De igual modo, as encenações e a sequência rítmica das vinhetas estão adequadamente conseguidas de modo a acompanharem o argumento de Van Hamme.

E é precisamente neste ponto que os desenhadores, tal como o escritor, mostram como se divertiram com a produção artística deste álbum.

Desde logo, com o piscar de olhos a determinados momentos icónicos da cultura contemporânea, como é o caso da atribulada sequência acrobática do sargento Nasir que nos remete de imediato para uma proeza semelhante executada pelo arqueólogo/aventureiro Indiana Jones.

Da mesma maneira, e a pedido de Van Hamme, com a criação de uma solução técnica para tornar possível aos espadões aterrarem. Em 75 anos, estas aeronaves só tinham sido avistadas em pleno voo, debaixo de água ou a serem transportadas por viaturas gigantescas.

Ou ainda com perseguições infernais no deserto, fora de pista, por carros que correm atrás de aviões, por cavalos que correm atrás de carros ou por aviões que parecem fugir de cavalos.
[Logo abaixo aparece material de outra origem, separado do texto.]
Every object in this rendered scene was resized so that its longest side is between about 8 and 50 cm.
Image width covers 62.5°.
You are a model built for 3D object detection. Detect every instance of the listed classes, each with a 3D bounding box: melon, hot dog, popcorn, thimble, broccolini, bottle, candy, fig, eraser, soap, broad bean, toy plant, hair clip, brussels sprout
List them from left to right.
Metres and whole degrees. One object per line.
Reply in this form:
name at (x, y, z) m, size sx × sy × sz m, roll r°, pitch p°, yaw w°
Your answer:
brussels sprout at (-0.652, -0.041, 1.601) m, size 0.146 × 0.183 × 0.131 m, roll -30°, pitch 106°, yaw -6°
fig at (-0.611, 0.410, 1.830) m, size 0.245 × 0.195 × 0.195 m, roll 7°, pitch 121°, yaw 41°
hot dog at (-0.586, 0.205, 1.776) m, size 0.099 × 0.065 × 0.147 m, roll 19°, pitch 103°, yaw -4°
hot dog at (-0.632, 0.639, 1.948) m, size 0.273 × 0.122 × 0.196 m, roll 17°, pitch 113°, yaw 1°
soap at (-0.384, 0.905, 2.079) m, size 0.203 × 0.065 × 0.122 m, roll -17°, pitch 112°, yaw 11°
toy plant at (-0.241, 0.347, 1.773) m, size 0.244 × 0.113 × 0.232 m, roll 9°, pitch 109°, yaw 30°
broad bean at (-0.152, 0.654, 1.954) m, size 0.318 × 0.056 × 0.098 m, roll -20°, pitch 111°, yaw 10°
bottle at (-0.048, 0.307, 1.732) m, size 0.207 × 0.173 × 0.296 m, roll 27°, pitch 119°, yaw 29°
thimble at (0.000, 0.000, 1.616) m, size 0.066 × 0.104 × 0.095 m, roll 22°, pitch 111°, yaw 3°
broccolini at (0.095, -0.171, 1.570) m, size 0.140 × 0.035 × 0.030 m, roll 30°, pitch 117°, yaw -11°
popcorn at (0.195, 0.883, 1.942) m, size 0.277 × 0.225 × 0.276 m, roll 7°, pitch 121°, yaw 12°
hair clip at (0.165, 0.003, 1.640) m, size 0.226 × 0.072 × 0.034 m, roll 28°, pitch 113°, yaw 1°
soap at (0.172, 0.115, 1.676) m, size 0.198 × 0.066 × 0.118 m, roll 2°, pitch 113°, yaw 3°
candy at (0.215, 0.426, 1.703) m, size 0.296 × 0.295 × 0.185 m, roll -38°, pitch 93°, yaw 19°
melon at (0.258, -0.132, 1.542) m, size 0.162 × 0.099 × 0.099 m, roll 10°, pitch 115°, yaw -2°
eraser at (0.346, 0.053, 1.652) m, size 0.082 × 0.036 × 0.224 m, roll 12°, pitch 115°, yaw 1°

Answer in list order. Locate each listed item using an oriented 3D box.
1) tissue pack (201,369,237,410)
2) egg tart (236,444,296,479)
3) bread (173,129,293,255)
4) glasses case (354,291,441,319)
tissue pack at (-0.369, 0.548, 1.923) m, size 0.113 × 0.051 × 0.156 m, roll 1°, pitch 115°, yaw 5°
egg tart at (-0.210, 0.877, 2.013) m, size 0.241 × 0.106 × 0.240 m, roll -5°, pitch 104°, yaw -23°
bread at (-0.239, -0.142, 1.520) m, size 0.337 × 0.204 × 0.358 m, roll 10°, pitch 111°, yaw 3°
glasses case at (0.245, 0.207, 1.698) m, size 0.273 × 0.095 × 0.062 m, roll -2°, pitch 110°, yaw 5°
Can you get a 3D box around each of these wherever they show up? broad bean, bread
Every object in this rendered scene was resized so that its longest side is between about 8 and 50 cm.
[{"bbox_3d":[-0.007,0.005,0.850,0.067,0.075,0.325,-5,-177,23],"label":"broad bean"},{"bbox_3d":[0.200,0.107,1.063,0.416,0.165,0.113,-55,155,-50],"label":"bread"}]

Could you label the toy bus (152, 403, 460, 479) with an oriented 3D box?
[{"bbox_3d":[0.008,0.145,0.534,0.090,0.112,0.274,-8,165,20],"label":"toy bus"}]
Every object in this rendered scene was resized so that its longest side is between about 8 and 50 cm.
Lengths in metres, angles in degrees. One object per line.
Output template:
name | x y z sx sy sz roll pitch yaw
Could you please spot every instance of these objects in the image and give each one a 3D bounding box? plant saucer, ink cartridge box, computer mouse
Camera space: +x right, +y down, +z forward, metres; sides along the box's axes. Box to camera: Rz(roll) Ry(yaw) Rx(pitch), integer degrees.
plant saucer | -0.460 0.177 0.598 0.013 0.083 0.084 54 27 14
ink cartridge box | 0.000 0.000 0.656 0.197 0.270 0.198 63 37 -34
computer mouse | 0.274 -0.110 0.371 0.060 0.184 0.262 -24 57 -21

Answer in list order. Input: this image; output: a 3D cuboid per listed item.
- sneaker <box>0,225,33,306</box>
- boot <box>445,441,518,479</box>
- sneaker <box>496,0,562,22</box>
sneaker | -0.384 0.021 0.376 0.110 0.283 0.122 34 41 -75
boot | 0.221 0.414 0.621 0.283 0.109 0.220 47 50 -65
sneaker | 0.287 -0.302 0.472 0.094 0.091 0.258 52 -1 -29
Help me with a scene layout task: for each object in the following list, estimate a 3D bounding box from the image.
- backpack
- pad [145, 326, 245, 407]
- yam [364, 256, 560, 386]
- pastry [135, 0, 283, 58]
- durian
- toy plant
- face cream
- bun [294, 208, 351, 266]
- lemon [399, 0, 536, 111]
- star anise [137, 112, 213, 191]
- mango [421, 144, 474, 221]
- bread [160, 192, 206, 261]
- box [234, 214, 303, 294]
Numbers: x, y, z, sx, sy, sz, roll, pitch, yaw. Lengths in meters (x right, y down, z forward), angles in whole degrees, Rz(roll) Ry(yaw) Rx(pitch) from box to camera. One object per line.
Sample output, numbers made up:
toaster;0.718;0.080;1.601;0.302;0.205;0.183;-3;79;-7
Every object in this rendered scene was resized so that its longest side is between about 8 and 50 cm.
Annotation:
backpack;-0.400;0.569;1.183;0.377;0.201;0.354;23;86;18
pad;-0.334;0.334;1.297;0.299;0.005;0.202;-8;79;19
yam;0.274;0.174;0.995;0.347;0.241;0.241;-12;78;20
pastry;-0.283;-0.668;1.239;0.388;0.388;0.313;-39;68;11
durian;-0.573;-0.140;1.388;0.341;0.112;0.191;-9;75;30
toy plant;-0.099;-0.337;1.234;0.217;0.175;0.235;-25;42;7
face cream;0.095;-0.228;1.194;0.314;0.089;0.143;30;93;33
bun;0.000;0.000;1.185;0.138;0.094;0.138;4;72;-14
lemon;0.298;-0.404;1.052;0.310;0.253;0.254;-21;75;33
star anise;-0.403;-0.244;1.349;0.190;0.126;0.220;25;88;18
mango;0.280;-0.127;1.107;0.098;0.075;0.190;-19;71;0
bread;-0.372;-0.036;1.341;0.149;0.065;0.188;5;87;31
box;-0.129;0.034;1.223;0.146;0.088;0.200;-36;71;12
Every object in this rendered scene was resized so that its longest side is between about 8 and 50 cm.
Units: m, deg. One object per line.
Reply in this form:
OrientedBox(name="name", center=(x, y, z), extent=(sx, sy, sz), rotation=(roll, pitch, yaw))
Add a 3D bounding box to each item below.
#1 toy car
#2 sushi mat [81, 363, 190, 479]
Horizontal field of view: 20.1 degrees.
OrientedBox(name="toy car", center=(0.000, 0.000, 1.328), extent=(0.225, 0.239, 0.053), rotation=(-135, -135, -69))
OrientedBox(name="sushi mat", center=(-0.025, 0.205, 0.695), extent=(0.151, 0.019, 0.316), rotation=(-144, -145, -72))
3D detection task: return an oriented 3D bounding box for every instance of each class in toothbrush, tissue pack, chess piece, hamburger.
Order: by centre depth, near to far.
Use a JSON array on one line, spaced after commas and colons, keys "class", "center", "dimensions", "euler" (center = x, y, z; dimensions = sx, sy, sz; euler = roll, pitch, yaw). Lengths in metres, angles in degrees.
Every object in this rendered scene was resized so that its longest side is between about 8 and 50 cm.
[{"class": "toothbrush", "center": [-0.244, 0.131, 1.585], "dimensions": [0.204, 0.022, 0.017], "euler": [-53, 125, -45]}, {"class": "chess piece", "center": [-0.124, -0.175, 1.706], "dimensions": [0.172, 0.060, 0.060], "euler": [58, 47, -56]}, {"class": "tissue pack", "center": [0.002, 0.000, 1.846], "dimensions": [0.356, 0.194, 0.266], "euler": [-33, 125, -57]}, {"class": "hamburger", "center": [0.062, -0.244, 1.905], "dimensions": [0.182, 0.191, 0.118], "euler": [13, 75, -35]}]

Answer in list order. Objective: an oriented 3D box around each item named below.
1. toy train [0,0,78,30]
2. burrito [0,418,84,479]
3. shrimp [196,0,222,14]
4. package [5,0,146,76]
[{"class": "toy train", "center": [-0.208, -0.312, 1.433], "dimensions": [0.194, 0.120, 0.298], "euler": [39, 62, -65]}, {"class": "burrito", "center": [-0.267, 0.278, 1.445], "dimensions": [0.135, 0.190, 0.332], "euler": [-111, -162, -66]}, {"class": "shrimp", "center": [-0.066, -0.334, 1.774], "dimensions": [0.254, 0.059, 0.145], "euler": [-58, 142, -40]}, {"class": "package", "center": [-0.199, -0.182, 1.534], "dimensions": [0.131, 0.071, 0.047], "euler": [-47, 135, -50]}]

Mas como nos confidenciou Peter Van Dongen na Comic Con, talvez a sua maior diversão tenha sido introduzir mulheres no Centaur Club, coisa absolutamente impossível de se fazer num clube de cavalheiros britânicos. Ora, vejam bem as vinhetas 1 e 6 da página 10. Elas estão lá e Van Hamme reparou na brincadeira. Mas, a bem do rigor histórico, pediu que fossem excluídas numa segunda edição do álbum.

Jean Van Hamme cumpriu a missão. Peter Van Dongen e Teun Berserik cumpriram a missão. Todos cumpriram a missão com sucesso. O resultado é este 28.º álbum das Aventuras de Blake e Mortimer, com uma intriga bem urdida, exótica, dinâmica, plena de reviravoltas e que nos deixa a pairar num estranho ambiente nostálgico e romantizado entre a Segunda Guerra Mundial e a Guerra Fria.

Na minha opinião, O Último Espadão faz parte dos três melhores álbuns publicados após a morte de Jacobs em 1987: O Caso Francis Blake, de 1996, com desenhos de Ted Benoit e talvez o mais conseguido graficamente, e O Último Faraó, de 2019, um álbum “fora de colecção”, com o inconfundível traço de Schuiten.

Este é o álbum que reconcilia os amantes de Blake e Mortimer e os seus novos leitores que, por vezes, têm sido maltratados por uma ou outra equipa que retomou a série. Um álbum digno de ser comemorativo dos 75 anos das aventuras de B & M. Nele temos tradição e inovação.

No selo criado para comemorar a efeméride pode ler-se “So british desde 1946”. Ao bom estilo burguês dos detectives Dupond e Dupont, eu diria mais: “Even more british desde 1946!”